→ **The problem**: Look through the listing below, and wherever a line has the string "degrees", pull it out.

→ **Dataset records**:
○ ○ ○ ○ ○ ○ ○

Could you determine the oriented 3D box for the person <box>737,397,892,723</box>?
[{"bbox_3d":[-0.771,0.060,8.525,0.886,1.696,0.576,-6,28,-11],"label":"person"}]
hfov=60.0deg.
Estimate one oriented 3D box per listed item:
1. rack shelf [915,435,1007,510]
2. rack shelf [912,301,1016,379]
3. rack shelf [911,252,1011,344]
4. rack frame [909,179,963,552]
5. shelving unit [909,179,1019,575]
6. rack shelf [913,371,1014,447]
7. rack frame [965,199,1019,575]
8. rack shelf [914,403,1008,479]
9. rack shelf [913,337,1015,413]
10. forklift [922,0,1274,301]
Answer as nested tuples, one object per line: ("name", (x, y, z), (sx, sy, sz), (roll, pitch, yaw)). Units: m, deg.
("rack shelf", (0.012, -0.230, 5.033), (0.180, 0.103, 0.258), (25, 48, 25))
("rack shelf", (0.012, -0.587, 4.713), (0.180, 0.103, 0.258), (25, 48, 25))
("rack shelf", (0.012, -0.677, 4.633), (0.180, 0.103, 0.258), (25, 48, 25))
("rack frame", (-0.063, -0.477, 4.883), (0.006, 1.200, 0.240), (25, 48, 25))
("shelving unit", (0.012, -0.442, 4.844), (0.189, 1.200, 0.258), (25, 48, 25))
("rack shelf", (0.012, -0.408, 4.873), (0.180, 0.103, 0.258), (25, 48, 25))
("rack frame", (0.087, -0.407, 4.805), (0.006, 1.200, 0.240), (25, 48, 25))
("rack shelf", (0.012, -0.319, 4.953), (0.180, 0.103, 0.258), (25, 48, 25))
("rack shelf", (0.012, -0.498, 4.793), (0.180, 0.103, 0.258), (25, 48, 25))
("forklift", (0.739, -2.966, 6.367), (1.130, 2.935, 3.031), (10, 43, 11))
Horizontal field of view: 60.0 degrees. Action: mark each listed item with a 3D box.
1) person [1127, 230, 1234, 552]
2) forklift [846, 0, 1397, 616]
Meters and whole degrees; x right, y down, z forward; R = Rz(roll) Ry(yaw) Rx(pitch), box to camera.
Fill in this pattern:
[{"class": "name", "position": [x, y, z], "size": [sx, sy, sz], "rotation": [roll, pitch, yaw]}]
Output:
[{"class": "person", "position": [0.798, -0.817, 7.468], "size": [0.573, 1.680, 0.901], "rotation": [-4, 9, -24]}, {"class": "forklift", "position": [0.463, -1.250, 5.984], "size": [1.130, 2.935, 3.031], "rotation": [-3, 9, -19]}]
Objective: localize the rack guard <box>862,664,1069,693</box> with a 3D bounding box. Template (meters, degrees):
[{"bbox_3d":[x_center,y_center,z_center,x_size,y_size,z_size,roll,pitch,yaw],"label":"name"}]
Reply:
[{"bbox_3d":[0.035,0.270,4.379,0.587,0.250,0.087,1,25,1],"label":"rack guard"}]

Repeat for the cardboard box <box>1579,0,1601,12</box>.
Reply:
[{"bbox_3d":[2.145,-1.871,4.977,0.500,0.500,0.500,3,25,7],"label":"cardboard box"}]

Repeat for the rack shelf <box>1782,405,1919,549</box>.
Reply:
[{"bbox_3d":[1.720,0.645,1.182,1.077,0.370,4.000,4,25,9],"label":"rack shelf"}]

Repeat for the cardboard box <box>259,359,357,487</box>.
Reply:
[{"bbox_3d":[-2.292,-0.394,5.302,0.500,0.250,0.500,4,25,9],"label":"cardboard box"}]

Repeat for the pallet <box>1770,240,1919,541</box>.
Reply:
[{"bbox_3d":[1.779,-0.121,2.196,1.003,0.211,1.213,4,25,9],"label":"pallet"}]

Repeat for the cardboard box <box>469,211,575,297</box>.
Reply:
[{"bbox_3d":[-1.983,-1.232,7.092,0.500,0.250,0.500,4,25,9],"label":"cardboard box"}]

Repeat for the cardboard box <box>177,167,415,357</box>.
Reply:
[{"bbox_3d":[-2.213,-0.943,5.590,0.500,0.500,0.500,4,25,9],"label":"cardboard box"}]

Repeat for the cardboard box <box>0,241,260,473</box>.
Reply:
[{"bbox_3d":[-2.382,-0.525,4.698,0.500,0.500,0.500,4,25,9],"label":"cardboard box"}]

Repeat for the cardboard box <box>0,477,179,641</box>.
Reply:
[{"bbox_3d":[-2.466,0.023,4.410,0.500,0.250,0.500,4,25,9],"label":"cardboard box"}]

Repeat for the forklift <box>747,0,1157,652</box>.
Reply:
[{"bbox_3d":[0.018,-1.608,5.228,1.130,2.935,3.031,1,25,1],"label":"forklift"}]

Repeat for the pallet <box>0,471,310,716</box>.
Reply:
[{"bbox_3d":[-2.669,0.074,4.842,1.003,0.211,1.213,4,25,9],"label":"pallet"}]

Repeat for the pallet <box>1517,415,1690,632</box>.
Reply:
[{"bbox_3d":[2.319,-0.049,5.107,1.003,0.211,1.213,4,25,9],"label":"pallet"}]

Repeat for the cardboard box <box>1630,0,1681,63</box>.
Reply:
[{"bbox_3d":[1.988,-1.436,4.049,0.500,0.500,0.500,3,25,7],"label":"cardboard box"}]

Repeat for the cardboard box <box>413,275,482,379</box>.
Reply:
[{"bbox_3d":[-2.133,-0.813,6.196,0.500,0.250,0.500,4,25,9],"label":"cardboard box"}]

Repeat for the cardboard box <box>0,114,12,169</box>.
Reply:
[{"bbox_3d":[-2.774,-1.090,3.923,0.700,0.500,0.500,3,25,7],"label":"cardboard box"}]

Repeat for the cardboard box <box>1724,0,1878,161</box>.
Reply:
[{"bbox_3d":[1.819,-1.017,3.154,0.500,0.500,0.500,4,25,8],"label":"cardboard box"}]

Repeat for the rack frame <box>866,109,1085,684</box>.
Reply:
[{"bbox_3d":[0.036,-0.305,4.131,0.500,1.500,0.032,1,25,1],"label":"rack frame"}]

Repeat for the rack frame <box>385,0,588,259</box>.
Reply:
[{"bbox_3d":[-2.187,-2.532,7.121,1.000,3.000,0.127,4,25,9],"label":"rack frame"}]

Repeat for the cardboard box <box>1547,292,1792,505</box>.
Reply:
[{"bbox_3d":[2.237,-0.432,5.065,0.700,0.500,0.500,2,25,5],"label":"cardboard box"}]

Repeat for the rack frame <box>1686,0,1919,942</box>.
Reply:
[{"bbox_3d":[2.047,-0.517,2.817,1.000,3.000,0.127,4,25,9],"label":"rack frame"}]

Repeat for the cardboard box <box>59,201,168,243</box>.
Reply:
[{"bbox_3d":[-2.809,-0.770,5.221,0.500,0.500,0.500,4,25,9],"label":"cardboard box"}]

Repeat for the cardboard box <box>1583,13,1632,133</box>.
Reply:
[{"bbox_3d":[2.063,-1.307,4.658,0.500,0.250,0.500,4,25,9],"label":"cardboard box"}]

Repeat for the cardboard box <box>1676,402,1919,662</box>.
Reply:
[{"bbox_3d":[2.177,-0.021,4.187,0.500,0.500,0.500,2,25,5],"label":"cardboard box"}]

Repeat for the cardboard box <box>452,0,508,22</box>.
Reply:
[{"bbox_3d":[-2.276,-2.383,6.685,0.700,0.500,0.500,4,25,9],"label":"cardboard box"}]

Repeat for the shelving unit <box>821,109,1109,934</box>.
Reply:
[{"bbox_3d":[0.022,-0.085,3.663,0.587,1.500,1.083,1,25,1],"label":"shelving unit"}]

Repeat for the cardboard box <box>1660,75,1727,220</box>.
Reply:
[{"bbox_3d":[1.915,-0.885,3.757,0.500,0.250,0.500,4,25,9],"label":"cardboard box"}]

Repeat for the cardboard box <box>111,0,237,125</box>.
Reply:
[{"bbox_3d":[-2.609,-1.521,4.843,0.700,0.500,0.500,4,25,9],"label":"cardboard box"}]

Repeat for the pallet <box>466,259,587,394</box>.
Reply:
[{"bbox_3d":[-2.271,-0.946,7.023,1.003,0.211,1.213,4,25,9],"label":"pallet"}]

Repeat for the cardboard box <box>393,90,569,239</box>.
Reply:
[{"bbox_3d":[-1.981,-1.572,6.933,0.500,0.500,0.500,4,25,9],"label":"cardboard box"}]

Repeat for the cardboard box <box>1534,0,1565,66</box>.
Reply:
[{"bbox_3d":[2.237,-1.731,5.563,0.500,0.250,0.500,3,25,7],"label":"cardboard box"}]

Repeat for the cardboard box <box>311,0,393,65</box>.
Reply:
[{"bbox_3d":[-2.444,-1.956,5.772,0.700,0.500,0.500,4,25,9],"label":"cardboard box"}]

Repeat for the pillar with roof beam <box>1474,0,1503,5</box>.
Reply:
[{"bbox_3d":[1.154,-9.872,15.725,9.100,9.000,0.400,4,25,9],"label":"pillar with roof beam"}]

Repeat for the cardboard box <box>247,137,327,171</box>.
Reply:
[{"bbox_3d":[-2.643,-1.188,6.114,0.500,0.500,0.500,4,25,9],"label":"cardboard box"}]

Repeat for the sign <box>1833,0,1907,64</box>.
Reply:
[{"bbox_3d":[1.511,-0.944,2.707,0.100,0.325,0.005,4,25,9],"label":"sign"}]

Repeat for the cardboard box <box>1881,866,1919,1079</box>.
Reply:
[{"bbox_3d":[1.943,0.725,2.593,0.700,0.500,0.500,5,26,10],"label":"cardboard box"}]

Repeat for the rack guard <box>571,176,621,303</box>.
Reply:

○ ○ ○ ○ ○ ○ ○

→ **Response below**:
Horizontal field of view: 60.0 degrees. Action: mark each listed item with a 3D box.
Meters and whole degrees; x right, y down, z forward; R = Rz(roll) Ry(yaw) Rx(pitch), box to camera.
Objective: localize the rack guard <box>862,664,1069,693</box> with a 3D bounding box. Template (meters, degrees):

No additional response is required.